Items listed in a dataset:
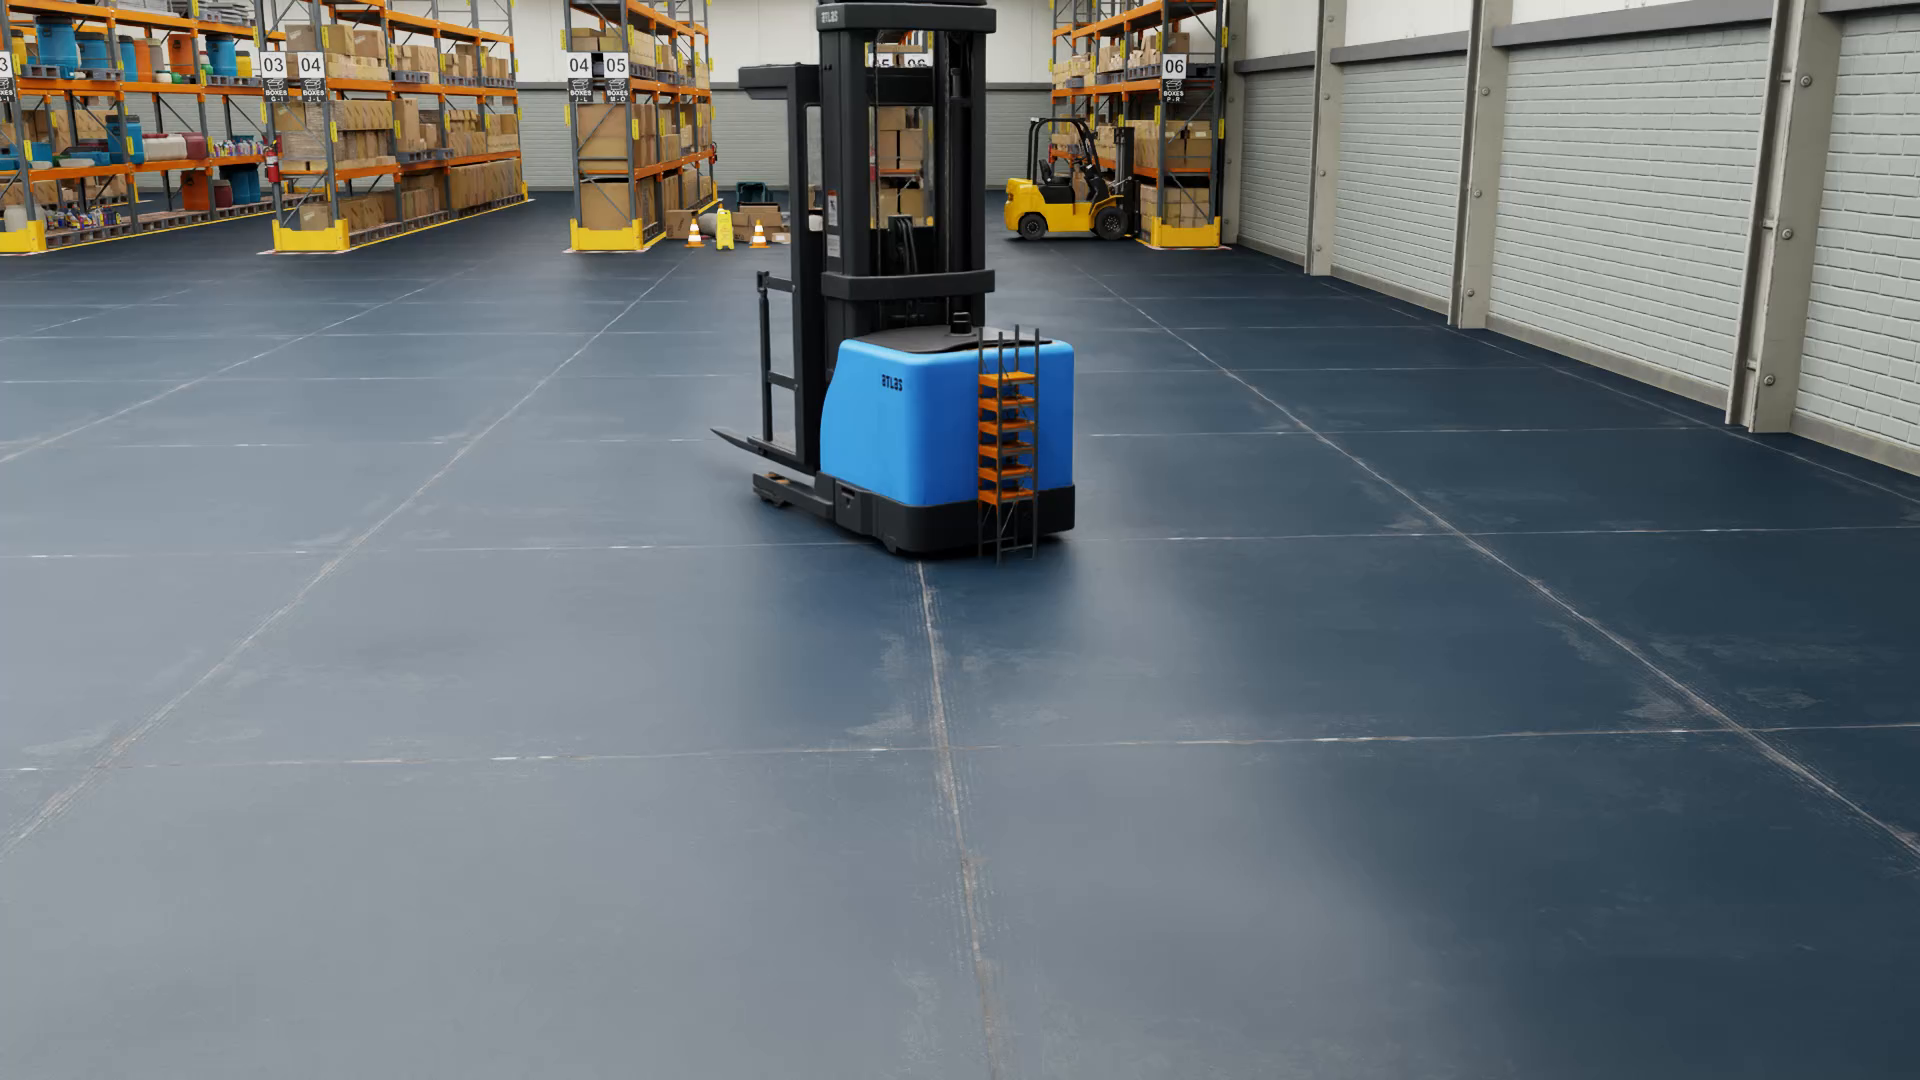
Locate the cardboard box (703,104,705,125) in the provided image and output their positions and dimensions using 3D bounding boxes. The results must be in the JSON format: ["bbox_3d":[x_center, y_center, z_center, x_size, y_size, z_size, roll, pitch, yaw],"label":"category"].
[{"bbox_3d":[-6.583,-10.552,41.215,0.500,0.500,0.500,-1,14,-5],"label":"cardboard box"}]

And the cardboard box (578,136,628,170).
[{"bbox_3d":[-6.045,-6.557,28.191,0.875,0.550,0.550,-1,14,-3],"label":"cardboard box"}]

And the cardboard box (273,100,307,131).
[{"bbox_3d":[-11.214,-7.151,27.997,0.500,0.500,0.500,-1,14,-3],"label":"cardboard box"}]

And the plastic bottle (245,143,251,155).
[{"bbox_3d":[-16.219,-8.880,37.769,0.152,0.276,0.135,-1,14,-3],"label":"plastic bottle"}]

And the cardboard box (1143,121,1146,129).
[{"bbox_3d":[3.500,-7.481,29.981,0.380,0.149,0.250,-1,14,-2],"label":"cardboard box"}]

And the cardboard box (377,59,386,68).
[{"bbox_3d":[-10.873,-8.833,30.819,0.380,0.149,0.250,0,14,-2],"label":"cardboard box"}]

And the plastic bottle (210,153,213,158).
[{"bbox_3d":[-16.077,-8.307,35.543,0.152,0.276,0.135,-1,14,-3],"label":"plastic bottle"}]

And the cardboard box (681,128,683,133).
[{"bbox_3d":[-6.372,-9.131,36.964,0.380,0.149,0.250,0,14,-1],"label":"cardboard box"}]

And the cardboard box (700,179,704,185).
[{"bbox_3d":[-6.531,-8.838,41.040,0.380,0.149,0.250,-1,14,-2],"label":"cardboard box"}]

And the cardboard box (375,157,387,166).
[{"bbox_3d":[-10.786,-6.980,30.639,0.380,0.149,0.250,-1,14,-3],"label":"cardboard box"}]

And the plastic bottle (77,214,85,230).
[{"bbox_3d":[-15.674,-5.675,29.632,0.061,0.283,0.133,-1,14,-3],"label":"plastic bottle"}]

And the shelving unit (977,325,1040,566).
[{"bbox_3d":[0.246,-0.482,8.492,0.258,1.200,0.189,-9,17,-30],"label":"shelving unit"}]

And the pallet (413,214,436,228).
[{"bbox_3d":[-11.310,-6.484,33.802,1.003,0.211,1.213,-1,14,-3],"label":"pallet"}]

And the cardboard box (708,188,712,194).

--

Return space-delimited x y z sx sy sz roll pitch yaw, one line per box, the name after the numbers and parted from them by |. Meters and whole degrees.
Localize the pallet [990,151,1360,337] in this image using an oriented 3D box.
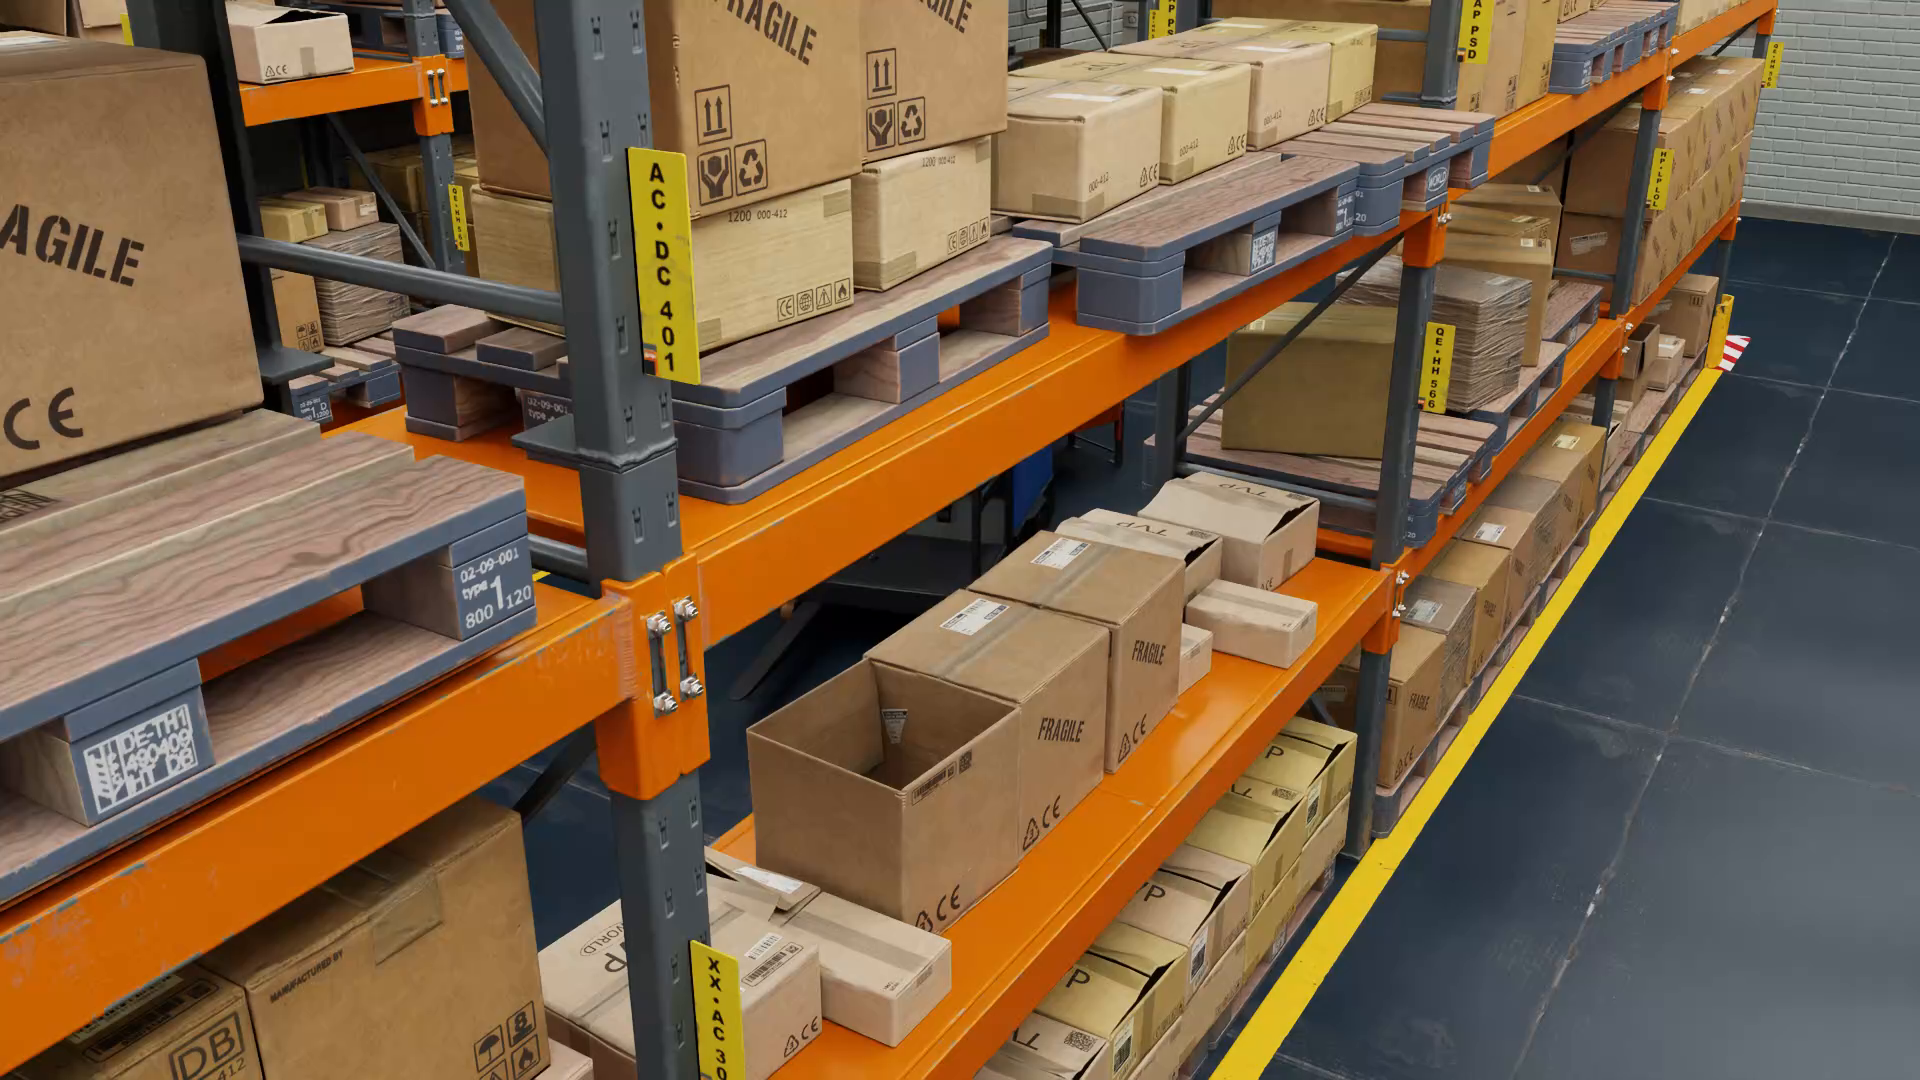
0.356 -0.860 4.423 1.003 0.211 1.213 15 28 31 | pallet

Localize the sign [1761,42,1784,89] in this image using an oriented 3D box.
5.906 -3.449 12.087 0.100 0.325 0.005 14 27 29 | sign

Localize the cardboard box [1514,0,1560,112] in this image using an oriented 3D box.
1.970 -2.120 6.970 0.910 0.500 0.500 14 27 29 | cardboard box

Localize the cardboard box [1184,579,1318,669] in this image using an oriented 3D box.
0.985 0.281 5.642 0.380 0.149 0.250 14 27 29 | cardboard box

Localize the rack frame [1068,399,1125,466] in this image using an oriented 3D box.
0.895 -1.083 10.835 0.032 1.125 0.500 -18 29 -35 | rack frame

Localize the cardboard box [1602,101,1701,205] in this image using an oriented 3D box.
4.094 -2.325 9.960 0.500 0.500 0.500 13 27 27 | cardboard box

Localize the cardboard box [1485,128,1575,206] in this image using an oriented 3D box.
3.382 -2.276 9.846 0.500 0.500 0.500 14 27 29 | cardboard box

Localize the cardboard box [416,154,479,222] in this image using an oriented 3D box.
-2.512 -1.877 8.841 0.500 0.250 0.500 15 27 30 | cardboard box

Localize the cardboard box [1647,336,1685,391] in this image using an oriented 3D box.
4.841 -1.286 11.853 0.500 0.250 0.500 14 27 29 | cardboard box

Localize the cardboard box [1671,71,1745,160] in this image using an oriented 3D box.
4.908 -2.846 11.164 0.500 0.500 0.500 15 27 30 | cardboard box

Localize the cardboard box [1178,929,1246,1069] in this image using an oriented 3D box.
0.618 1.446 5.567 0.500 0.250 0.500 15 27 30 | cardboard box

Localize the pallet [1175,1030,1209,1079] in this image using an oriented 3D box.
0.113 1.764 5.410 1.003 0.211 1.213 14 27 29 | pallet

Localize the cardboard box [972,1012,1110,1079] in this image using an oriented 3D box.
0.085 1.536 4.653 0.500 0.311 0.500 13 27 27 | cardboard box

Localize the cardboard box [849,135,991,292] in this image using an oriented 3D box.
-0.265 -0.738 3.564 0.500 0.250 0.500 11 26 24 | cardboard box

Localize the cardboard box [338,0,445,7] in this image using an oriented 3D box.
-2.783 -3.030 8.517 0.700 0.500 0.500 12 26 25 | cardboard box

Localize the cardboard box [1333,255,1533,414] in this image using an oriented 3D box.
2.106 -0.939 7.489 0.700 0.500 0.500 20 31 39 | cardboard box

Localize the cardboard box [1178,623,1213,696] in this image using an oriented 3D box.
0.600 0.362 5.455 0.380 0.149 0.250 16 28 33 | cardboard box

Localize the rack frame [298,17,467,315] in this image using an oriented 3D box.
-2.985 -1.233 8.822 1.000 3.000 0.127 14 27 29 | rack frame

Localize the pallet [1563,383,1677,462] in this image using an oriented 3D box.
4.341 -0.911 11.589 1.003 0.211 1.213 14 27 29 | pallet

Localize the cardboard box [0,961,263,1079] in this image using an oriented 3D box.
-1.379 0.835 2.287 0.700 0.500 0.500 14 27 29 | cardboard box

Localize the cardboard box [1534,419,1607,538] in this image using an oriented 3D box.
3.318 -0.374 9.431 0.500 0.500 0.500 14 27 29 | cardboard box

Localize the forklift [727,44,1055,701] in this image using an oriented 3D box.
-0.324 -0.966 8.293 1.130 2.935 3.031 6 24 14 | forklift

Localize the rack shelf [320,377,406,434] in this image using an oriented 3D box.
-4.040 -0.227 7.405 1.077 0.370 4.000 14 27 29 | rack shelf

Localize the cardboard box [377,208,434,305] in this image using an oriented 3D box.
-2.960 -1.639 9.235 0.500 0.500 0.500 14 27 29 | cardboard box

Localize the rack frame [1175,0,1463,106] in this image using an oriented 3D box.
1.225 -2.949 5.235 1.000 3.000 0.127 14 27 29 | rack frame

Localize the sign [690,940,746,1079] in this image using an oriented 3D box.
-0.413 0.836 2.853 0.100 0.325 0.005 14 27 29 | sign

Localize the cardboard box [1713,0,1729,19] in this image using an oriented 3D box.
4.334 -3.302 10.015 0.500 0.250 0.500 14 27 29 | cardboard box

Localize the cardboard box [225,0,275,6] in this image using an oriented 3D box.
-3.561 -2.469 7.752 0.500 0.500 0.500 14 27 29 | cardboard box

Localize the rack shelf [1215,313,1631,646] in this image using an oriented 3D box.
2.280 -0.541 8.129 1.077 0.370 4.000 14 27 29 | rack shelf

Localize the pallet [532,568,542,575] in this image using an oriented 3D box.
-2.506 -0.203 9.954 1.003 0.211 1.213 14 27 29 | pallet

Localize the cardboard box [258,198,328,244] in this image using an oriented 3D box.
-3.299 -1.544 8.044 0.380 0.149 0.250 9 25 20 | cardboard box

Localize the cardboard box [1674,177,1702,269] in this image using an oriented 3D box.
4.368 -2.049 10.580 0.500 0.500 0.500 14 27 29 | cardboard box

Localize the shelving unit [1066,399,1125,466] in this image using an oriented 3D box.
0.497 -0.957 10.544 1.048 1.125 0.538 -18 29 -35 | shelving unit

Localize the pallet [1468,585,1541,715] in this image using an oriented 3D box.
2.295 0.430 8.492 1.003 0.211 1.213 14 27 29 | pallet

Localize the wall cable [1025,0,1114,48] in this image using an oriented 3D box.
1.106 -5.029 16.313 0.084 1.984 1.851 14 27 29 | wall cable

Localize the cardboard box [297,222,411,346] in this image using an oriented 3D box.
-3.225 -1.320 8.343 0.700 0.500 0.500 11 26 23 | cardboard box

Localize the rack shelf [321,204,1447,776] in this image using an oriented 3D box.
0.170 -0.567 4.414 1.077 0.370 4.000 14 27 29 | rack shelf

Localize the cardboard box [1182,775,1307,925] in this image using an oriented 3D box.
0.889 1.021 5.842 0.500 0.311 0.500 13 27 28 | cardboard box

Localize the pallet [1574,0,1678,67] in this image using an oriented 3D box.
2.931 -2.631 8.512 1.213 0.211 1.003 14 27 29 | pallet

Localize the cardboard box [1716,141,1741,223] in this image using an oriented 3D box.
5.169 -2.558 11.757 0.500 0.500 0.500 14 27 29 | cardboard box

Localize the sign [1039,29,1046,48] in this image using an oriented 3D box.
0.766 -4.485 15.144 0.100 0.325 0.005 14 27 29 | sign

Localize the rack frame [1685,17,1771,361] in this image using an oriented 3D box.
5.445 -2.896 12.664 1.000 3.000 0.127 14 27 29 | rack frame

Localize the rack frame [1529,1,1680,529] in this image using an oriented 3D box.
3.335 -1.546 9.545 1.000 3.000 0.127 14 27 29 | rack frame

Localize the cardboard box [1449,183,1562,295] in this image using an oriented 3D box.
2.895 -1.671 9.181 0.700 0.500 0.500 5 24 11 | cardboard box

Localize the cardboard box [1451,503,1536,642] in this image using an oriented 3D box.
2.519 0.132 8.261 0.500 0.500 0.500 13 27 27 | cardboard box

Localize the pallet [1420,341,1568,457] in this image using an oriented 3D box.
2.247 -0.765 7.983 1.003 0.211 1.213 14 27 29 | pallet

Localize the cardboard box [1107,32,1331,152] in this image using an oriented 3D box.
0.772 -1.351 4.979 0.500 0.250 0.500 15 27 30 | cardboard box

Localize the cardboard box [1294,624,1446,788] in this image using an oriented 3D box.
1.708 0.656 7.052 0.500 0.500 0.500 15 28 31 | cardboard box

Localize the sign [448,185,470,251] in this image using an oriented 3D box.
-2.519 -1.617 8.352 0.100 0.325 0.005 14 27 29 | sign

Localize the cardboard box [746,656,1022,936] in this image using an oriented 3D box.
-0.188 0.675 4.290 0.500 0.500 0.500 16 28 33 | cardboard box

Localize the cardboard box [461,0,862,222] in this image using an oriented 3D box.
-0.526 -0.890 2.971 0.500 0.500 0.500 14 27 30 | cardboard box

> TASK ITEM: The range runs from the line above containing "And the cardboard box (375,157,387,166)." to the line containing "And the cardboard box (708,188,712,194).", inclusive. Restate those lines word for word and no others.

> OUTPUT OF THE TASK:
And the cardboard box (375,157,387,166).
[{"bbox_3d":[-10.786,-6.980,30.639,0.380,0.149,0.250,-1,14,-3],"label":"cardboard box"}]

And the plastic bottle (77,214,85,230).
[{"bbox_3d":[-15.674,-5.675,29.632,0.061,0.283,0.133,-1,14,-3],"label":"plastic bottle"}]

And the shelving unit (977,325,1040,566).
[{"bbox_3d":[0.246,-0.482,8.492,0.258,1.200,0.189,-9,17,-30],"label":"shelving unit"}]

And the pallet (413,214,436,228).
[{"bbox_3d":[-11.310,-6.484,33.802,1.003,0.211,1.213,-1,14,-3],"label":"pallet"}]

And the cardboard box (708,188,712,194).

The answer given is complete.